● WORK TO COMPLETE:
Restate the entries below exactly, and keep all images out of the answer.

[Excerpts from a dataset]
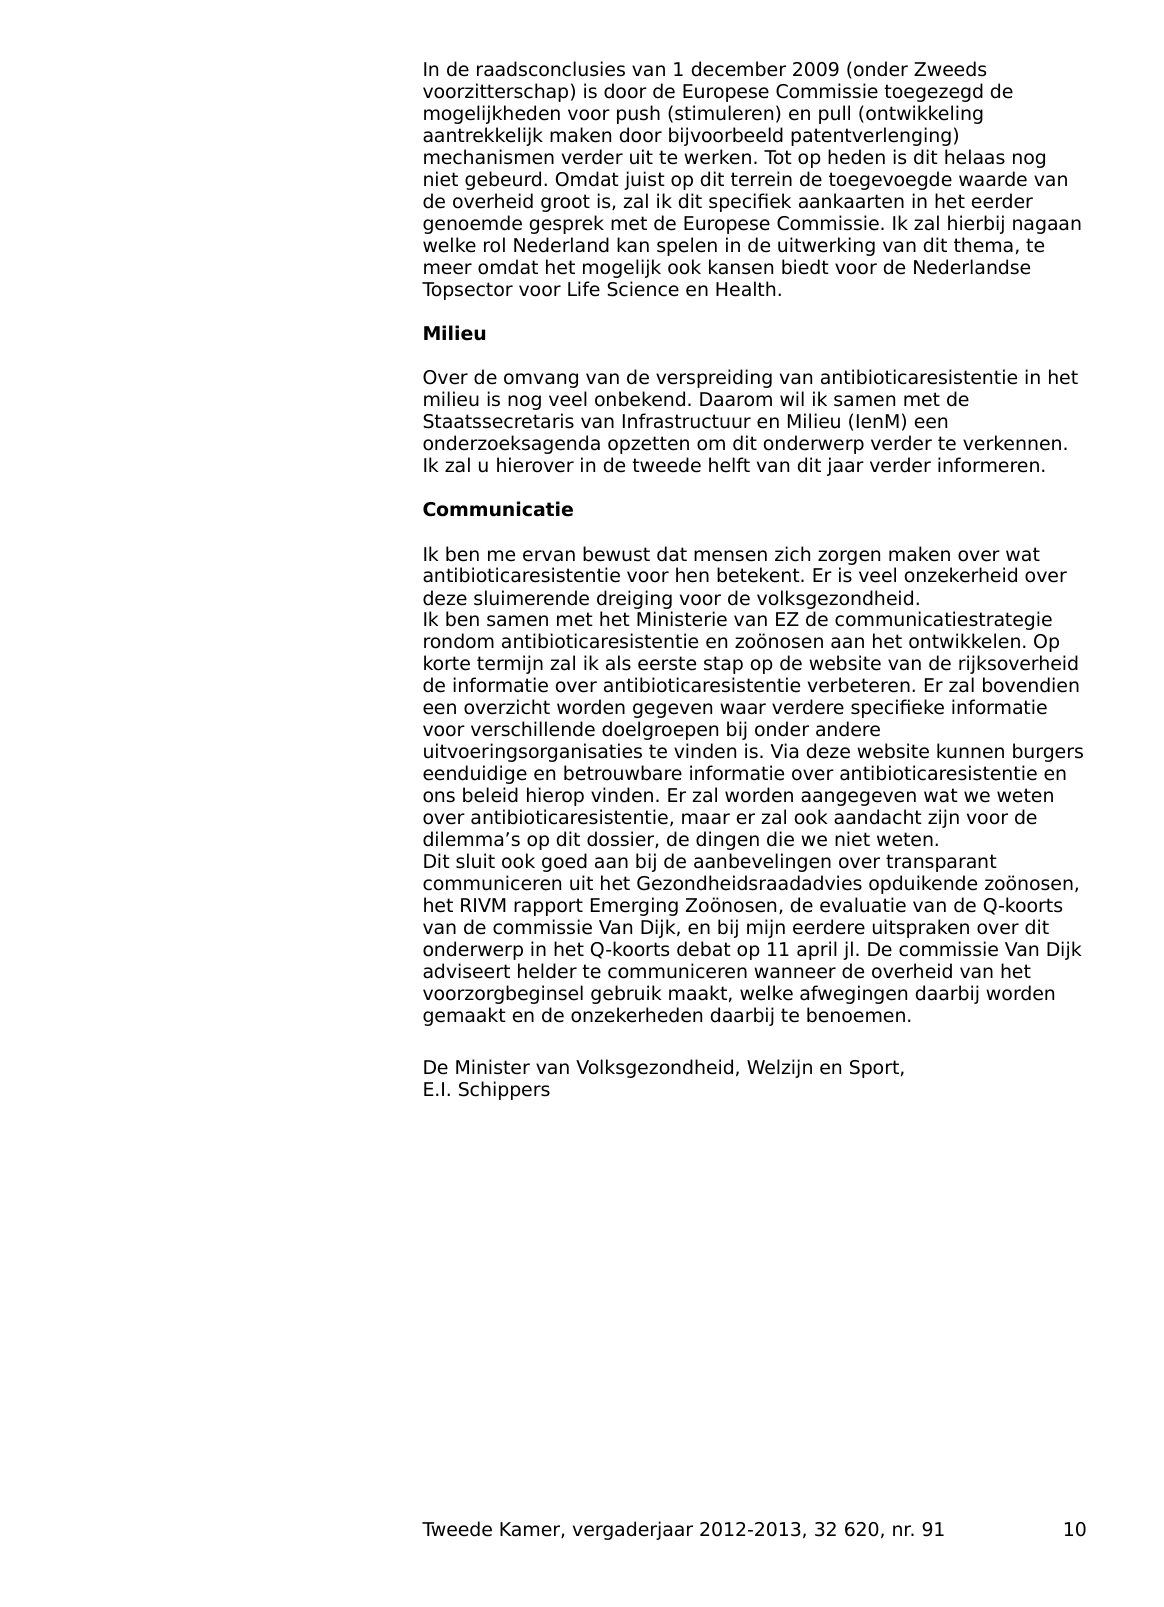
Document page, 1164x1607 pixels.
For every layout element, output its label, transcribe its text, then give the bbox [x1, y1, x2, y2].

subtitle Communicatie [422, 499, 1087, 521]
subtitle Milieu [422, 323, 1087, 345]
text Ik ben samen met het Ministerie van EZ de communicatiestrategie rondom antibioticaresistentie en zoönosen aan het ontwikkelen. Op korte termijn zal ik als eerste stap op de website van de rijksoverheid de informatie over antibioticaresistentie verbeteren. Er zal bovendien een overzicht worden gegeven waar verdere specifieke informatie voor verschillende doelgroepen bij onder andere uitvoeringsorganisaties te vinden is. Via deze website kunnen burgers eenduidige en betrouwbare informatie over antibioticaresistentie en ons beleid hierop vinden. Er zal worden aangegeven wat we weten over antibioticaresistentie, maar er zal ook aandacht zijn voor de dilemma’s op dit dossier, de dingen die we niet weten. [422, 609, 1087, 851]
text Over de omvang van de verspreiding van antibioticaresistentie in het milieu is nog veel onbekend. Daarom wil ik samen met de Staatssecretaris van Infrastructuur en Milieu (IenM) een onderzoeksagenda opzetten om dit onderwerp verder te verkennen. Ik zal u hierover in de tweede helft van dit jaar verder informeren. [422, 367, 1087, 477]
text Ik ben me ervan bewust dat mensen zich zorgen maken over wat antibioticaresistentie voor hen betekent. Er is veel onzekerheid over deze sluimerende dreiging voor de volksgezondheid. [422, 543, 1087, 609]
text In de raadsconclusies van 1 december 2009 (onder Zweeds voorzitterschap) is door de Europese Commissie toegezegd de mogelijkheden voor push (stimuleren) en pull (ontwikkeling aantrekkelijk maken door bijvoorbeeld patentverlenging) mechanismen verder uit te werken. Tot op heden is dit helaas nog niet gebeurd. Omdat juist op dit terrein de toegevoegde waarde van de overheid groot is, zal ik dit specifiek aankaarten in het eerder genoemde gesprek met de Europese Commissie. Ik zal hierbij nagaan welke rol Nederland kan spelen in de uitwerking van dit thema, te meer omdat het mogelijk ook kansen biedt voor de Nederlandse Topsector voor Life Science en Health. [422, 59, 1087, 301]
text De Minister van Volksgezondheid, Welzijn en Sport, E.I. Schippers [422, 1057, 1087, 1101]
text Dit sluit ook goed aan bij de aanbevelingen over transparant communiceren uit het Gezondheidsraadadvies opduikende zoönosen, het RIVM rapport Emerging Zoönosen, de evaluatie van de Q-koorts van de commissie Van Dijk, en bij mijn eerdere uitspraken over dit onderwerp in het Q-koorts debat op 11 april jl. De commissie Van Dijk adviseert helder te communiceren wanneer de overheid van het voorzorgbeginsel gebruik maakt, welke afwegingen daarbij worden gemaakt en de onzekerheden daarbij te benoemen. [422, 851, 1087, 1027]
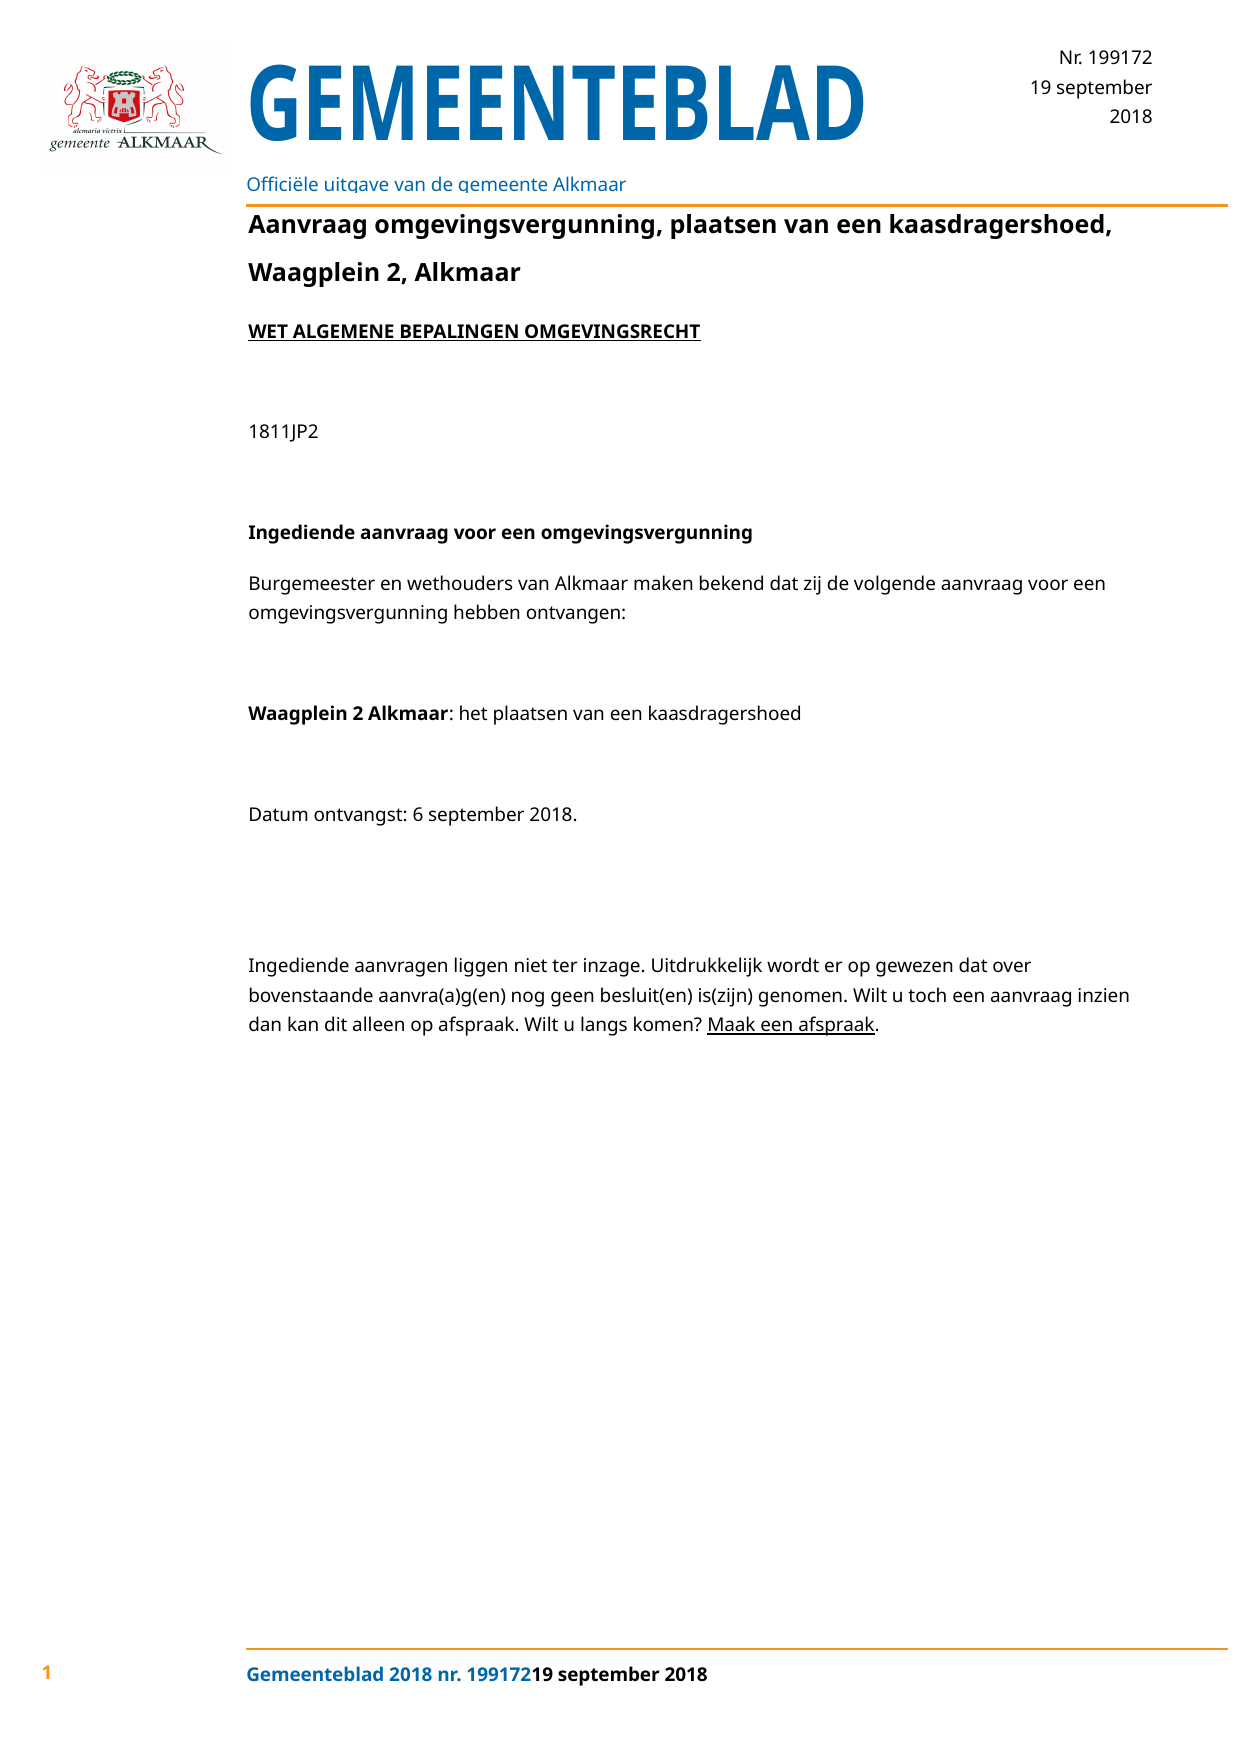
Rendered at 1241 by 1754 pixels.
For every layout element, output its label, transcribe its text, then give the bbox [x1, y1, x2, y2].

text Aanvraag omgevingsvergunning, plaatsen van een kaasdragershoed, Waagplein 2, Alkmaar [248, 207, 1152, 288]
text Burgemeester en wethouders van Alkmaar maken bekend dat zij de volgende aanvraag voor een omgevingsvergunning hebben ontvangen: [248, 570, 1152, 625]
text Ingediende aanvraag voor een omgevingsvergunning [248, 519, 1152, 545]
text WET ALGEMENE BEPALINGEN OMGEVINGSRECHT [248, 318, 1152, 344]
text Datum ontvangst: 6 september 2018. [248, 801, 1152, 827]
picture [41, 47, 231, 172]
text Ingediende aanvragen liggen niet ter inzage. Uitdrukkelijk wordt er op gewezen dat over bovenstaande aanvra(a)g(en) nog geen besluit(en) is(zijn) genomen. Wilt u toch een aanvraag inzien dan kan dit alleen op afspraak. Wilt u langs komen? Maak een afspraak. [248, 952, 1152, 1037]
text 1811JP2 [248, 419, 1152, 444]
text Waagplein 2 Alkmaar: het plaatsen van een kaasdragershoed [248, 700, 1152, 726]

● RESPONSE TO THE TASK:
Document page, 1164x1607 pixels.
For every layout element, output its label, transcribe its text, then give the bbox [x1, y1, x2, y2].

subtitle Communicatie [422, 499, 1087, 521]
subtitle Milieu [422, 323, 1087, 345]
text Ik ben samen met het Ministerie van EZ de communicatiestrategie rondom antibioticaresistentie en zoönosen aan het ontwikkelen. Op korte termijn zal ik als eerste stap op de website van de rijksoverheid de informatie over antibioticaresistentie verbeteren. Er zal bovendien een overzicht worden gegeven waar verdere specifieke informatie voor verschillende doelgroepen bij onder andere uitvoeringsorganisaties te vinden is. Via deze website kunnen burgers eenduidige en betrouwbare informatie over antibioticaresistentie en ons beleid hierop vinden. Er zal worden aangegeven wat we weten over antibioticaresistentie, maar er zal ook aandacht zijn voor de dilemma’s op dit dossier, de dingen die we niet weten. [422, 609, 1087, 851]
text Over de omvang van de verspreiding van antibioticaresistentie in het milieu is nog veel onbekend. Daarom wil ik samen met de Staatssecretaris van Infrastructuur en Milieu (IenM) een onderzoeksagenda opzetten om dit onderwerp verder te verkennen. Ik zal u hierover in de tweede helft van dit jaar verder informeren. [422, 367, 1087, 477]
text Ik ben me ervan bewust dat mensen zich zorgen maken over wat antibioticaresistentie voor hen betekent. Er is veel onzekerheid over deze sluimerende dreiging voor de volksgezondheid. [422, 543, 1087, 609]
text In de raadsconclusies van 1 december 2009 (onder Zweeds voorzitterschap) is door de Europese Commissie toegezegd de mogelijkheden voor push (stimuleren) en pull (ontwikkeling aantrekkelijk maken door bijvoorbeeld patentverlenging) mechanismen verder uit te werken. Tot op heden is dit helaas nog niet gebeurd. Omdat juist op dit terrein de toegevoegde waarde van de overheid groot is, zal ik dit specifiek aankaarten in het eerder genoemde gesprek met de Europese Commissie. Ik zal hierbij nagaan welke rol Nederland kan spelen in de uitwerking van dit thema, te meer omdat het mogelijk ook kansen biedt voor de Nederlandse Topsector voor Life Science en Health. [422, 59, 1087, 301]
text De Minister van Volksgezondheid, Welzijn en Sport, E.I. Schippers [422, 1057, 1087, 1101]
text Dit sluit ook goed aan bij de aanbevelingen over transparant communiceren uit het Gezondheidsraadadvies opduikende zoönosen, het RIVM rapport Emerging Zoönosen, de evaluatie van de Q-koorts van de commissie Van Dijk, en bij mijn eerdere uitspraken over dit onderwerp in het Q-koorts debat op 11 april jl. De commissie Van Dijk adviseert helder te communiceren wanneer de overheid van het voorzorgbeginsel gebruik maakt, welke afwegingen daarbij worden gemaakt en de onzekerheden daarbij te benoemen. [422, 851, 1087, 1027]
Rendered at 1241 by 1754 pixels.
For every layout element, output its label, transcribe its text, then give the bbox [x1, y1, x2, y2].

text Aanvraag omgevingsvergunning, plaatsen van een kaasdragershoed, Waagplein 2, Alkmaar [248, 207, 1152, 288]
text Burgemeester en wethouders van Alkmaar maken bekend dat zij de volgende aanvraag voor een omgevingsvergunning hebben ontvangen: [248, 570, 1152, 625]
text Ingediende aanvraag voor een omgevingsvergunning [248, 519, 1152, 545]
text WET ALGEMENE BEPALINGEN OMGEVINGSRECHT [248, 318, 1152, 344]
text Datum ontvangst: 6 september 2018. [248, 801, 1152, 827]
picture [41, 47, 231, 172]
text Ingediende aanvragen liggen niet ter inzage. Uitdrukkelijk wordt er op gewezen dat over bovenstaande aanvra(a)g(en) nog geen besluit(en) is(zijn) genomen. Wilt u toch een aanvraag inzien dan kan dit alleen op afspraak. Wilt u langs komen? Maak een afspraak. [248, 952, 1152, 1037]
text 1811JP2 [248, 419, 1152, 444]
text Waagplein 2 Alkmaar: het plaatsen van een kaasdragershoed [248, 700, 1152, 726]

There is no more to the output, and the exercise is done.